I do not even know how I got home that evening. Everything after those three cursed words seemed an immense blur. I remember getting home, laying down and not even being able to cry. I closed my eyes, and my brain, ever so crafty, sent me into a deep state of unconsciousness. I woke up about 3 hours later, as soon as I opened my eyes… The tears started to flow, uncontrollably. I felt like the entire Pacific Ocean was drained through my eyes. After what it seemed hours I went for a shower, water has always had an incredibly healing power over me. I felt less dead inside.
Unsuspecting but true
After the shower, I checked my phone and it was a message from Ben confirming we were going to meet the next day. I was tempted to cancel on him. I felt like I was not going to be fun to be around and there is no greater mood killer than a “sappy cannot get over her ex person”. Nevertheless, it was Ben, you cannot simply say no to Ben. The next morning I had barely slept, was feeling tired, was feeling drowsy… I was not feeling well. To top all that I was running late, making a German wait was the last thing I needed that morning.

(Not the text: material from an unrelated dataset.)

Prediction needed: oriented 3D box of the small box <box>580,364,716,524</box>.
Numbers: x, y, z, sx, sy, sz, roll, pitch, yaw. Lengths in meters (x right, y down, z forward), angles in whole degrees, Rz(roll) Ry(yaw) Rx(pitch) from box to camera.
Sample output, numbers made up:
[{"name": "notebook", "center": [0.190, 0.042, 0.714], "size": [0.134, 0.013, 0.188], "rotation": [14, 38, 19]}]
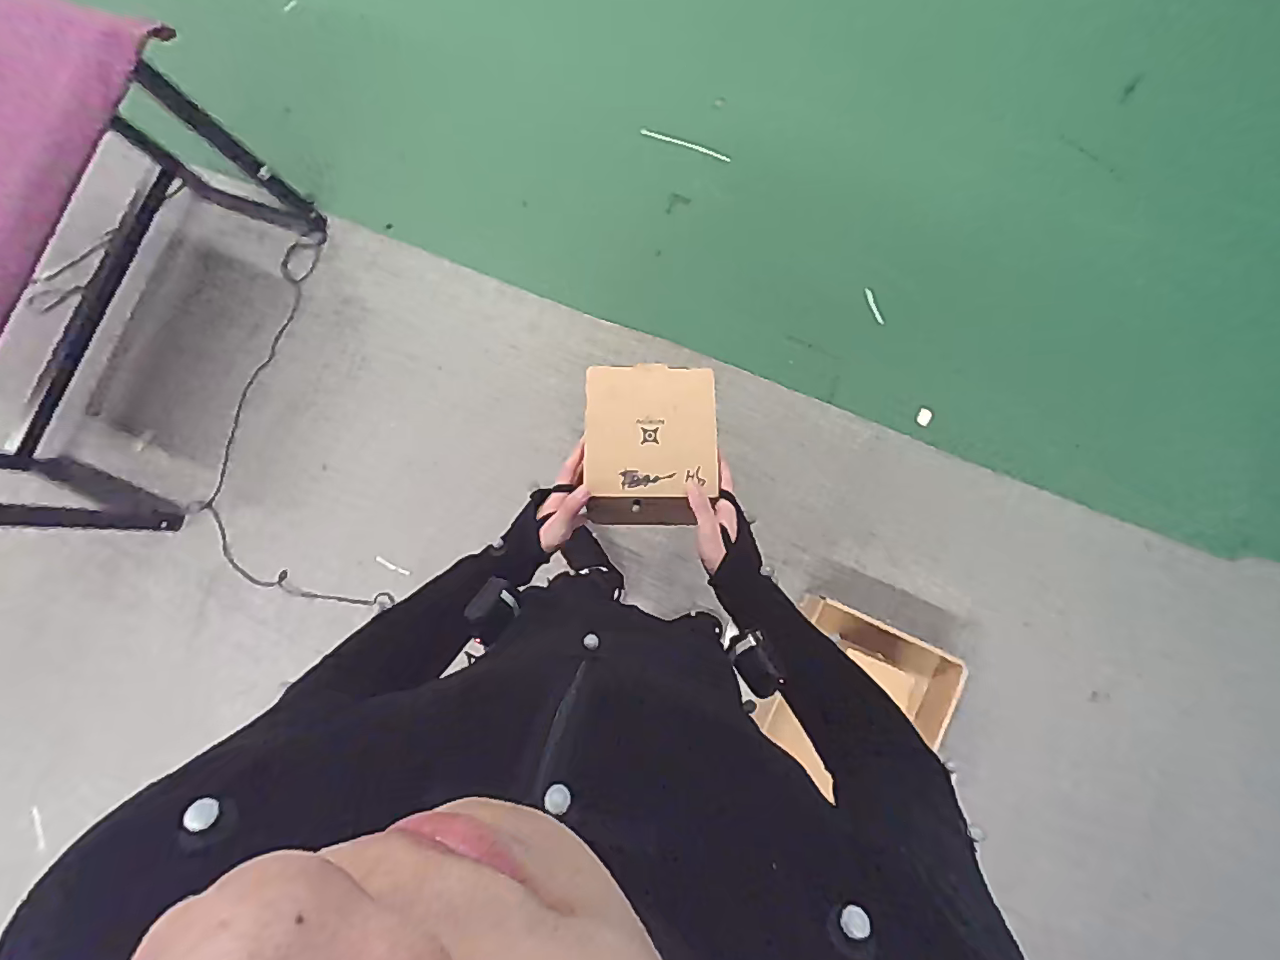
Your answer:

I finally got there; Ben was waiting for me inside the car he had rented for the day… I got in and as soon as I saw him… I felt as if all the pain from last night was floating away like colorful balloons soaring up to the blue sky. Those eyes, those, golden dreamy eyes. He was so unbelievably attractive. He had been traveling around the world for years now, so he looks a lot more like a California model than your average German. His golden tan, slim but strong figure, full round lips, pearly white teeth…
However, taking away his Greek statue physique, what I found most attractive about Ben was his personality. Ben was no prince charming; Ben was dominant and stubborn. He knew what he wanted and would not settle for less. He was overly confident to the point it was borderline narcissist. He was s funny with a slightly dark sense of humor, brutally honest. Every so often, he had a sweet side to him, but you would rarely see it.

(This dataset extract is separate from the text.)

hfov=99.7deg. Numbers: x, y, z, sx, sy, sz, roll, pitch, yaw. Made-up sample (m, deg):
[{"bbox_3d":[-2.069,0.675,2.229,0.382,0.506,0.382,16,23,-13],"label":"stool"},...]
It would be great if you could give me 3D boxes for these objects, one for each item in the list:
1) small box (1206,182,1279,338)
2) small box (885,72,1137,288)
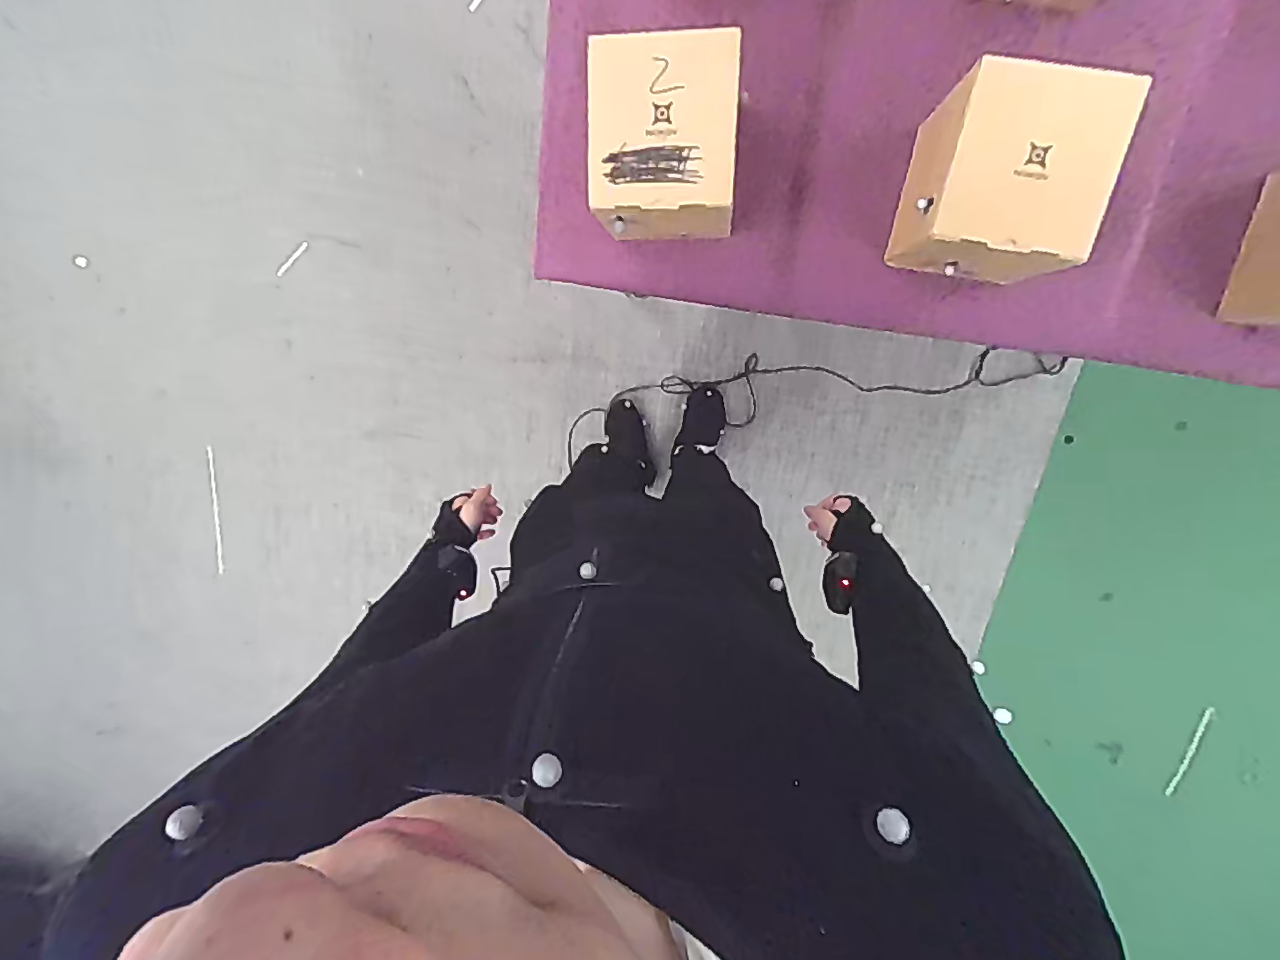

There is something about Ben
Off we went to our first site, he asked me how I was, and I did not feel it was necessary to spill out all the details of last night. I told him just enough. Oh, my surprise, he listened. He seemed to care, or at least was curious. What struck me in awe was that while I was talking to him, the words slid smoothly and not cutting through me. It did not hurt as much as I thought. Being around him made everything easier… he had the power to numb the sorrow just by being there.
If I write the details of what happened that day, you will be stuck reading four to five more pages. The best way to shorten it out is by telling you that we had an entire relationship in one day. We hiked through nature, swam inside an extinct volcano, got lost, got into two fights, made up, had sex inside the lagoon, outside the lagoon, while hiking…and it all ended in us being so exhausted that we feel asleep before 10, with full bellies and in each other’s arms.
So what can I say about Ben at the End?
Ben is not a rebound; Ben is not the man I will marry. Ben will most likely fade out of my life the same way he came. Unexpectedly. Ben is a reminder not to hold on to grief. He is a reminder that the cliché “everything is going to be fine” is true after all, even when you hate hearing it. Ben is what happens when you step out of your comfort zone.
Ben is not love, but he is what you need to keep believing in it.